# ACTIVITY
While you copy the lines below, skip the pictures and keep the rest exact.

'''

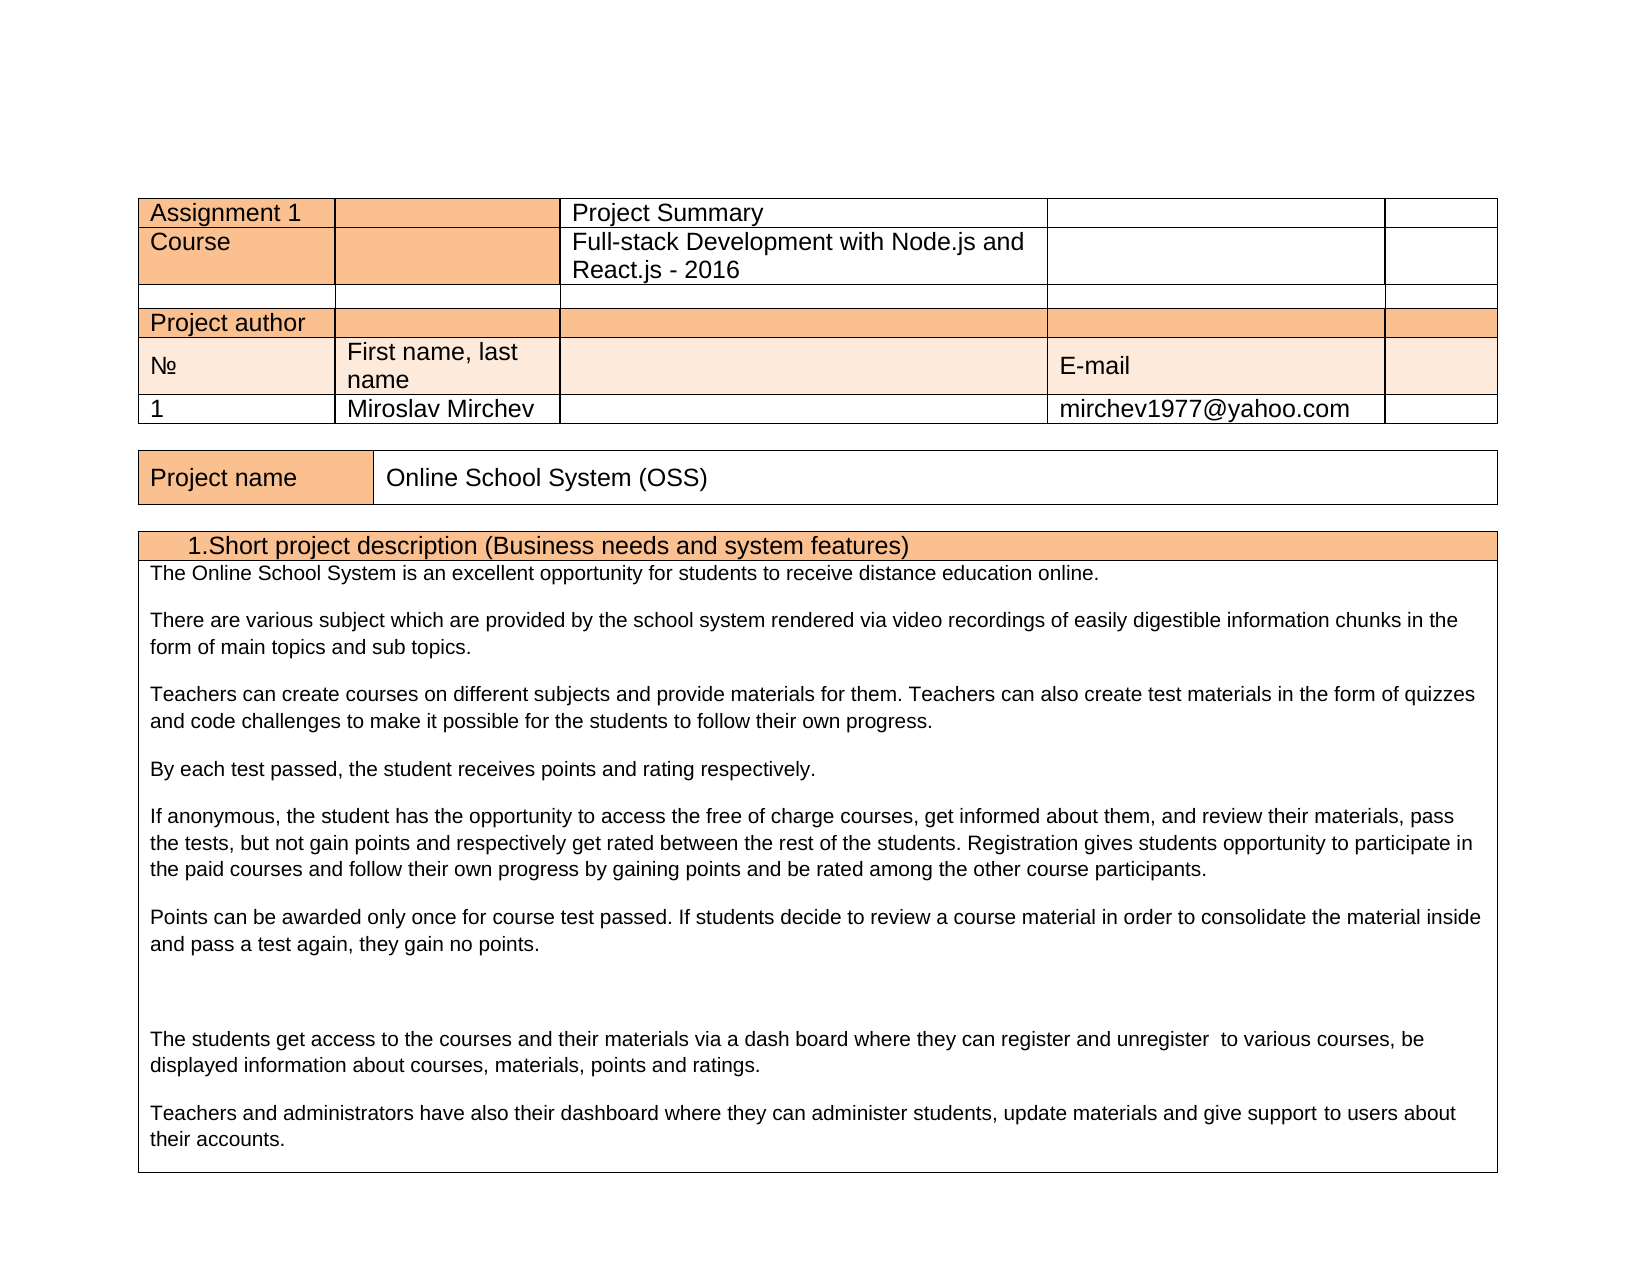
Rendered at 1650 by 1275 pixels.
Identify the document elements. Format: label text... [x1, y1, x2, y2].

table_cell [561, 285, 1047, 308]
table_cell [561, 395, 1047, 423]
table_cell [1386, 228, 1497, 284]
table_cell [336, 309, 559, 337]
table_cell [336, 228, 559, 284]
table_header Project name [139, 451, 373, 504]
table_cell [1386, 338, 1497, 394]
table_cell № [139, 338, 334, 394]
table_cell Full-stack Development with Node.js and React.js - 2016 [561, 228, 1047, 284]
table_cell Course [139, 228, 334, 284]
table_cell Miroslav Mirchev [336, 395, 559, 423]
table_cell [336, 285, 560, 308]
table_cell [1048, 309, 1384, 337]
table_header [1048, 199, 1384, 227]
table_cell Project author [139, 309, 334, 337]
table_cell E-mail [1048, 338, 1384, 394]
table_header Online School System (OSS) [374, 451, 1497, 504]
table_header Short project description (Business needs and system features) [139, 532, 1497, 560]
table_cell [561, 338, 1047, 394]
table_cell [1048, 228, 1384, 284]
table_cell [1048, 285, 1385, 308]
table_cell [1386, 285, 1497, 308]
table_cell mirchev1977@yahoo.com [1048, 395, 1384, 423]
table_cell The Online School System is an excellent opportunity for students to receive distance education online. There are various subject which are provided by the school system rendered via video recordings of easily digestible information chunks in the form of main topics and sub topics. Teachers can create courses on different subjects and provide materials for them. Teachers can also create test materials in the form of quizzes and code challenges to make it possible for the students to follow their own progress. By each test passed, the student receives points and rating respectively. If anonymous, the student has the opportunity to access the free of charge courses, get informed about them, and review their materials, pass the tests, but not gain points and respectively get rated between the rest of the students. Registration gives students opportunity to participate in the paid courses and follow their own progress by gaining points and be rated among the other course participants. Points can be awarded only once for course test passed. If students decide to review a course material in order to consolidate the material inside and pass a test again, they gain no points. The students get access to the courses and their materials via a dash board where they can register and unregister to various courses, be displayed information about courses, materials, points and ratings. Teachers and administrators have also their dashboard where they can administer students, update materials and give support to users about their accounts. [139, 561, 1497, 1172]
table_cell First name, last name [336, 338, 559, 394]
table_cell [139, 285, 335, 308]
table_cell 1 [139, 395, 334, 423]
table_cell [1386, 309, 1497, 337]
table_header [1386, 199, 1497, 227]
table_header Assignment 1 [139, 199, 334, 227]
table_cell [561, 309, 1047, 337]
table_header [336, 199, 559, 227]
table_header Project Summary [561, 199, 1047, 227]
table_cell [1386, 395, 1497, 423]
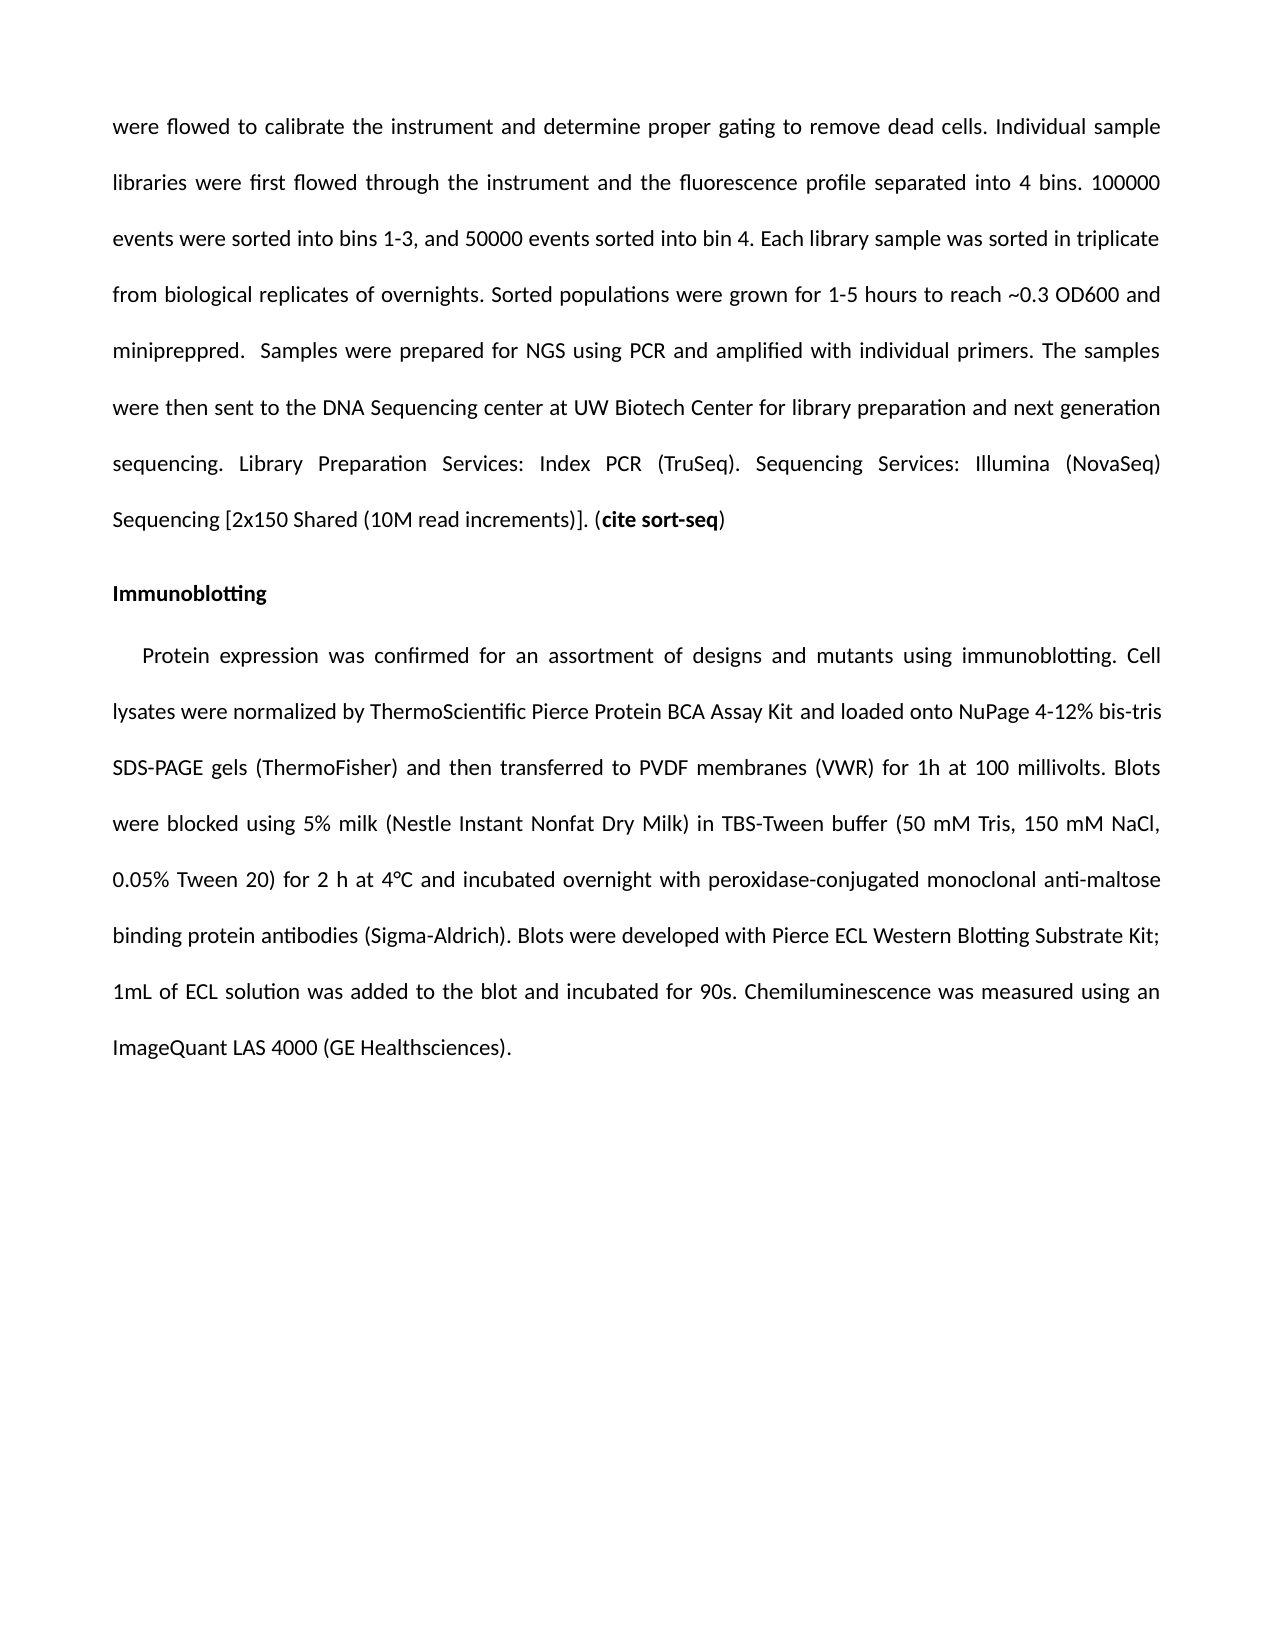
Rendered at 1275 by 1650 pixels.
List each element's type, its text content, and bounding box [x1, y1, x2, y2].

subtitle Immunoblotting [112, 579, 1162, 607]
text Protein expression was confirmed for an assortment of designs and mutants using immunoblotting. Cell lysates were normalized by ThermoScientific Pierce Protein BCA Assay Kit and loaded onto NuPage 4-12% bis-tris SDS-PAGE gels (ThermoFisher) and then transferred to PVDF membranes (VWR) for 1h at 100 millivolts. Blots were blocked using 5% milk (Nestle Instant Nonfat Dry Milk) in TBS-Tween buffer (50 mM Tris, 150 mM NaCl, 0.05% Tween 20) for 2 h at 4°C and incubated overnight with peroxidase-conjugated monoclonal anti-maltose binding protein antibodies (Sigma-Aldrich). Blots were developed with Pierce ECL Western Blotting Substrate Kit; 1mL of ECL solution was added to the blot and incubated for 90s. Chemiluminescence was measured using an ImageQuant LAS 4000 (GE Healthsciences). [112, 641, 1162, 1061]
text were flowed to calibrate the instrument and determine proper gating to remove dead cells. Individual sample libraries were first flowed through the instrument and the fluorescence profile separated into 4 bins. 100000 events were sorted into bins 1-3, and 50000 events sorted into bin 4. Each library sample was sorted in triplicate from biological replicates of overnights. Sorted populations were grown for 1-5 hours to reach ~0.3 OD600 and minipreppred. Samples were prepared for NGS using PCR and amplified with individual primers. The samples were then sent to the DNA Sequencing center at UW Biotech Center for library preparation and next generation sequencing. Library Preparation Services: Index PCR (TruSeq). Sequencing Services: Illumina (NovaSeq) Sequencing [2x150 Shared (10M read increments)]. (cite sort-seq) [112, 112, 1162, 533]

'''

# COMPLETED TASK
Rendered at 1650 by 1275 pixels.
Identify the document elements. Format: label text... [x1, y1, x2, y2].

table_cell [561, 285, 1047, 308]
table_cell [561, 395, 1047, 423]
table_cell [1386, 228, 1497, 284]
table_cell [336, 309, 559, 337]
table_cell [336, 228, 559, 284]
table_header Project name [139, 451, 373, 504]
table_cell [1386, 338, 1497, 394]
table_cell № [139, 338, 334, 394]
table_cell Full-stack Development with Node.js and React.js - 2016 [561, 228, 1047, 284]
table_cell Course [139, 228, 334, 284]
table_cell Miroslav Mirchev [336, 395, 559, 423]
table_cell [336, 285, 560, 308]
table_cell [1048, 309, 1384, 337]
table_header [1048, 199, 1384, 227]
table_cell Project author [139, 309, 334, 337]
table_cell E-mail [1048, 338, 1384, 394]
table_header Online School System (OSS) [374, 451, 1497, 504]
table_header Short project description (Business needs and system features) [139, 532, 1497, 560]
table_cell [561, 338, 1047, 394]
table_cell [1048, 228, 1384, 284]
table_cell [1048, 285, 1385, 308]
table_cell [1386, 285, 1497, 308]
table_cell mirchev1977@yahoo.com [1048, 395, 1384, 423]
table_cell The Online School System is an excellent opportunity for students to receive distance education online. There are various subject which are provided by the school system rendered via video recordings of easily digestible information chunks in the form of main topics and sub topics. Teachers can create courses on different subjects and provide materials for them. Teachers can also create test materials in the form of quizzes and code challenges to make it possible for the students to follow their own progress. By each test passed, the student receives points and rating respectively. If anonymous, the student has the opportunity to access the free of charge courses, get informed about them, and review their materials, pass the tests, but not gain points and respectively get rated between the rest of the students. Registration gives students opportunity to participate in the paid courses and follow their own progress by gaining points and be rated among the other course participants. Points can be awarded only once for course test passed. If students decide to review a course material in order to consolidate the material inside and pass a test again, they gain no points. The students get access to the courses and their materials via a dash board where they can register and unregister to various courses, be displayed information about courses, materials, points and ratings. Teachers and administrators have also their dashboard where they can administer students, update materials and give support to users about their accounts. [139, 561, 1497, 1172]
table_cell First name, last name [336, 338, 559, 394]
table_cell [139, 285, 335, 308]
table_cell 1 [139, 395, 334, 423]
table_cell [1386, 309, 1497, 337]
table_header [1386, 199, 1497, 227]
table_header Assignment 1 [139, 199, 334, 227]
table_cell [561, 309, 1047, 337]
table_header [336, 199, 559, 227]
table_header Project Summary [561, 199, 1047, 227]
table_cell [1386, 395, 1497, 423]
Rendered at 1275 by 1650 pixels.
List each element's type, its text content, and bounding box [x1, y1, x2, y2].

subtitle Immunoblotting [112, 579, 1162, 607]
text Protein expression was confirmed for an assortment of designs and mutants using immunoblotting. Cell lysates were normalized by ThermoScientific Pierce Protein BCA Assay Kit and loaded onto NuPage 4-12% bis-tris SDS-PAGE gels (ThermoFisher) and then transferred to PVDF membranes (VWR) for 1h at 100 millivolts. Blots were blocked using 5% milk (Nestle Instant Nonfat Dry Milk) in TBS-Tween buffer (50 mM Tris, 150 mM NaCl, 0.05% Tween 20) for 2 h at 4°C and incubated overnight with peroxidase-conjugated monoclonal anti-maltose binding protein antibodies (Sigma-Aldrich). Blots were developed with Pierce ECL Western Blotting Substrate Kit; 1mL of ECL solution was added to the blot and incubated for 90s. Chemiluminescence was measured using an ImageQuant LAS 4000 (GE Healthsciences). [112, 641, 1162, 1061]
text were flowed to calibrate the instrument and determine proper gating to remove dead cells. Individual sample libraries were first flowed through the instrument and the fluorescence profile separated into 4 bins. 100000 events were sorted into bins 1-3, and 50000 events sorted into bin 4. Each library sample was sorted in triplicate from biological replicates of overnights. Sorted populations were grown for 1-5 hours to reach ~0.3 OD600 and minipreppred. Samples were prepared for NGS using PCR and amplified with individual primers. The samples were then sent to the DNA Sequencing center at UW Biotech Center for library preparation and next generation sequencing. Library Preparation Services: Index PCR (TruSeq). Sequencing Services: Illumina (NovaSeq) Sequencing [2x150 Shared (10M read increments)]. (cite sort-seq) [112, 112, 1162, 533]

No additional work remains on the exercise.